Me hizo esperar. Me hizo pedir. Cada cosa que me concedía tenía un precio en obediencia, y descubrí que pagarlo me encendía más que cualquier caricia. Cuando por fin me dejó acercarme, lo hice como él me había enseñado durante todas esas noches: sin vergüenza, atenta, suya.
—Mírame —ordenó en el momento exacto en que más quería cerrar los ojos.
Lo miré. Quería que viera lo que me había hecho, en qué me había convertido, o más bien qué había sacado de mí. Y lo vio. Vi en su cara que lo vio.
***
Después nos quedamos en silencio, yo con la cabeza apoyada en su pecho y su mano trazando círculos perezosos en mi espalda.
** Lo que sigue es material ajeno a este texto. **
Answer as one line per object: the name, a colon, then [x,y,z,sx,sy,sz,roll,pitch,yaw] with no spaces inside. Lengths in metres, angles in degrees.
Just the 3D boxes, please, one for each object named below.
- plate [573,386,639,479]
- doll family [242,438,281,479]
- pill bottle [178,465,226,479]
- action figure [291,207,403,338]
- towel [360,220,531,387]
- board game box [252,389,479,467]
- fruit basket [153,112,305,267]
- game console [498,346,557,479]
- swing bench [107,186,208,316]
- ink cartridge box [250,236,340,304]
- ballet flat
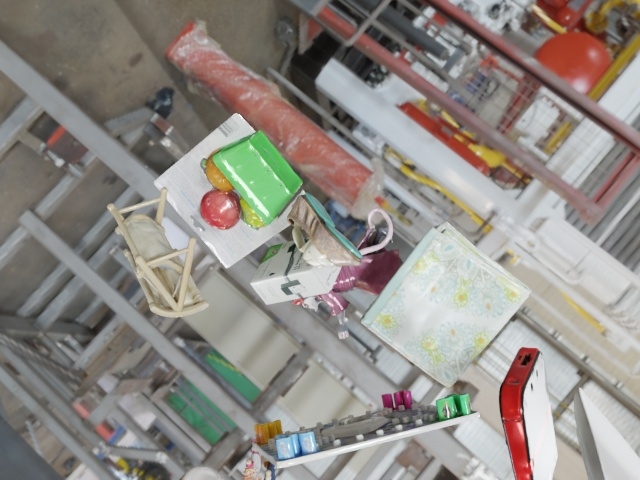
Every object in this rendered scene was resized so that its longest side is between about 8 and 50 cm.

La habitación olía a nosotros. Por la ventana entraba el ruido amortiguado de la ciudad, indiferente a lo que acababa de pasar tres pisos más arriba.
—¿Estás bien? —preguntó. Era la primera vez que me lo preguntaba así, sin la coraza de la orden.
—Mejor que bien —dije, y era cierto.
Pensé en la Mariana que había entrado a aquel chat una noche de insomnio, convencida de que el asco era lo único que sentía cuando un hombre la miraba. Pensé en todos los años que había pasado discutiendo conmigo misma. Y entendí que Damián no me había cambiado: solo me había dado permiso para dejar de mentirme.
—¿Cuándo vuelves a llamarme? —pregunté contra su piel.
Lo sentí sonreír, esa sonrisa que ya conocía aunque no pudiera verla.
—Cuando menos lo esperes —dijo—. Y vas a contestar.
—Sí, señor —respondí.
Y por primera vez, esa palabra no me dejó la piel ardiendo de vergüenza, sino de algo mucho más parecido a estar, por fin, en casa.